それでなくても、あの夢売りの真意は戦慄モノだったんですよ。彼の意図を知った時の衝撃と言ったら。
自分自身の救済を(夜明けを)

……これを見た瞬間、全部が報われたのだと思いました。この三巻の間に描かれた六つの物語。そこで生き、そして死んでいった人たちは、決して幸いの中にあったわけではありません。それどころか、幸福な日常を失い、愛する人を奪われ、いだいていた夢を失い、辛く苦しい人生を歩んだのです。それでも、彼らは後悔などすることなく自分の信じるもの、大切なものを見つけ、夢をいだき、精一杯生き抜いた上で、夢を託していきました。
でもね、でもね、どれだけ彼らが満足していても、自分の生き方に納得していても、それがその人だけの中で完結してしまうというのは、やっぱり哀しい事だと思うんですよ。その意味で、夢売りが求めたものは簡潔にして絶大なものでした。
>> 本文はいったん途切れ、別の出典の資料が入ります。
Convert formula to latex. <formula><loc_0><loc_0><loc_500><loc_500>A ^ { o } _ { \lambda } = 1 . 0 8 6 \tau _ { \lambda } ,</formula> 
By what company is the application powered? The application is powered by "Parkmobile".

知ってほしい、覚えていて欲しい。そこで何があったのかを。彼らが、何を思っていたのかを。本当の真実を、本当の思いを。

これほどの、報いがあるでしょうか。これほどの、救いがあるでしょうか。与えるだけだった愛を、委ねるだけだった想いを、託すだけだった夢を、きっと一方通行でしかなく曖昧な感触でしか無く、錯誤や誤解や未知が入り雑じり正確には伝わらなかっただろうこれらの真実を、夢売りに見せられた記憶によって彼女は余すこと無く知る事が叶い、すべてを受け取ってくれたのです。彼らは別に真実など知ってもらわなくても構わなかったのかもしれません。でもね、これは残された者たちにとってもこれ以上ない救いなんですよ。
自分がどれほど愛情を注がれていたか、どれほどの想いを預けられたかを受け取った彼女は、自分が踏みしめるものの姿を知りました。故にこそ、歩いていける。
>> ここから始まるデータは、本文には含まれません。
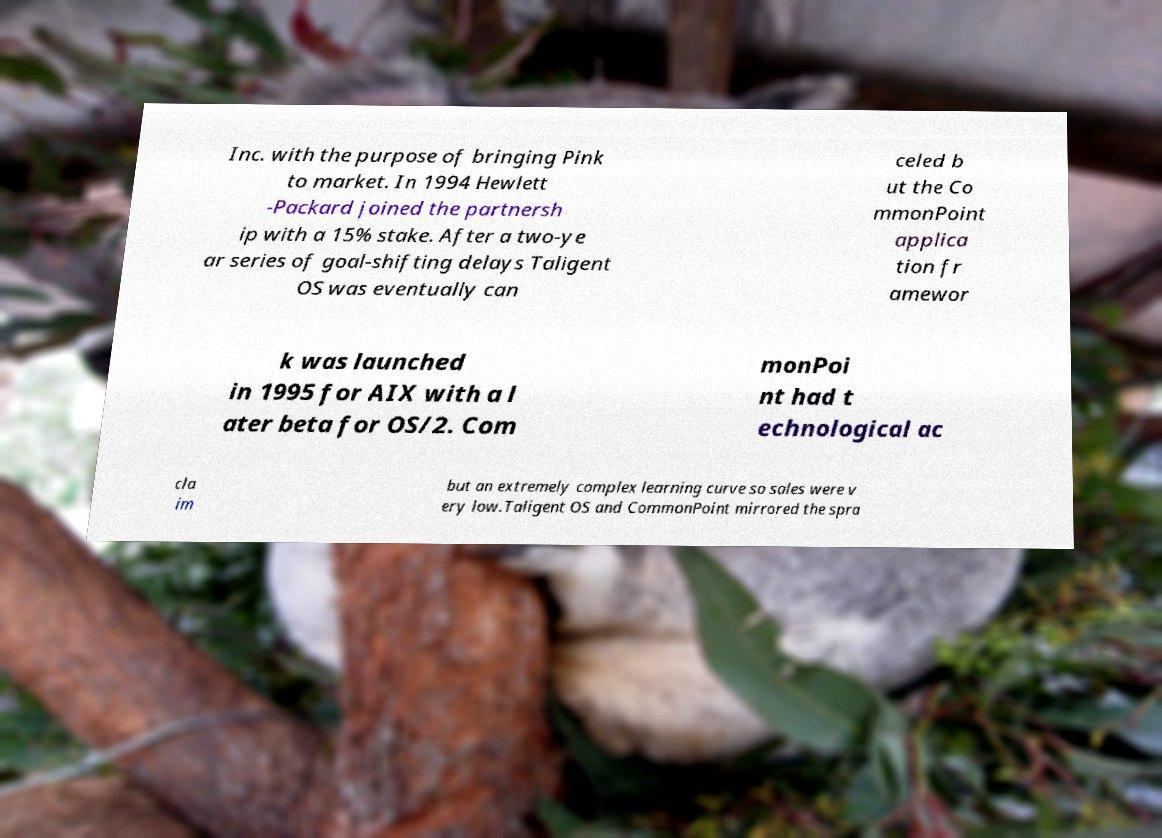Can you read and provide the text displayed in the image?This photo seems to have some interesting text. Can you extract and type it out for me? Inc. with the purpose of bringing Pink to market. In 1994 Hewlett -Packard joined the partnersh ip with a 15% stake. After a two-ye ar series of goal-shifting delays Taligent OS was eventually can celed b ut the Co mmonPoint applica tion fr amewor k was launched in 1995 for AIX with a l ater beta for OS/2. Com monPoi nt had t echnological ac cla im but an extremely complex learning curve so sales were v ery low.Taligent OS and CommonPoint mirrored the spra 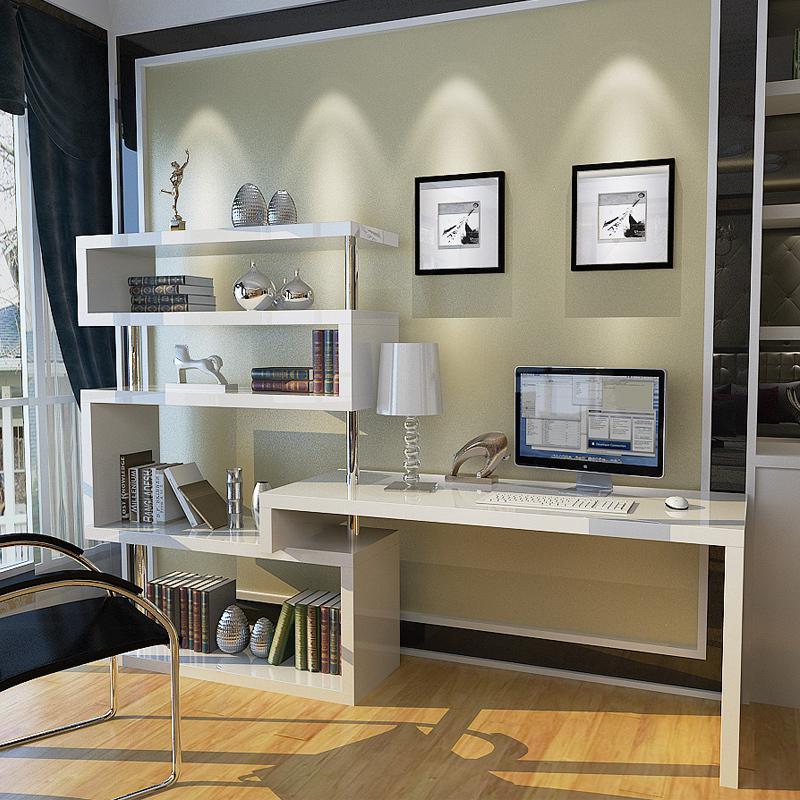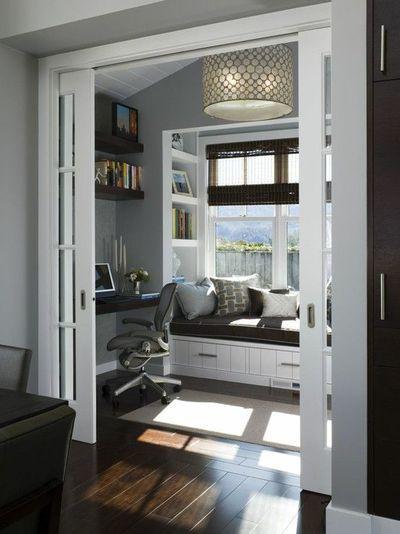The first image is the image on the left, the second image is the image on the right. Given the left and right images, does the statement "In one of the images, the desk chair is white." hold true? Answer yes or no. No. The first image is the image on the left, the second image is the image on the right. Evaluate the accuracy of this statement regarding the images: "Both desks have a computer or monitor visible.". Is it true? Answer yes or no. Yes.

彼らの生き様を、記憶していて欲しい。彼らの夢の形を、忘れないで欲しい。
貴女は、彼らが敷いてくれた夢の上を、これから歩いて行くのだから。いつか、自らもまた誰かの踏みしめる夢となるまで。

やっぱり、ほんとうに重要なのは夢売りと夜の王のシーンだったんだなあ。
期待を裏切らない、それこそ結晶のように織り成された素晴らしい物語でした。感動。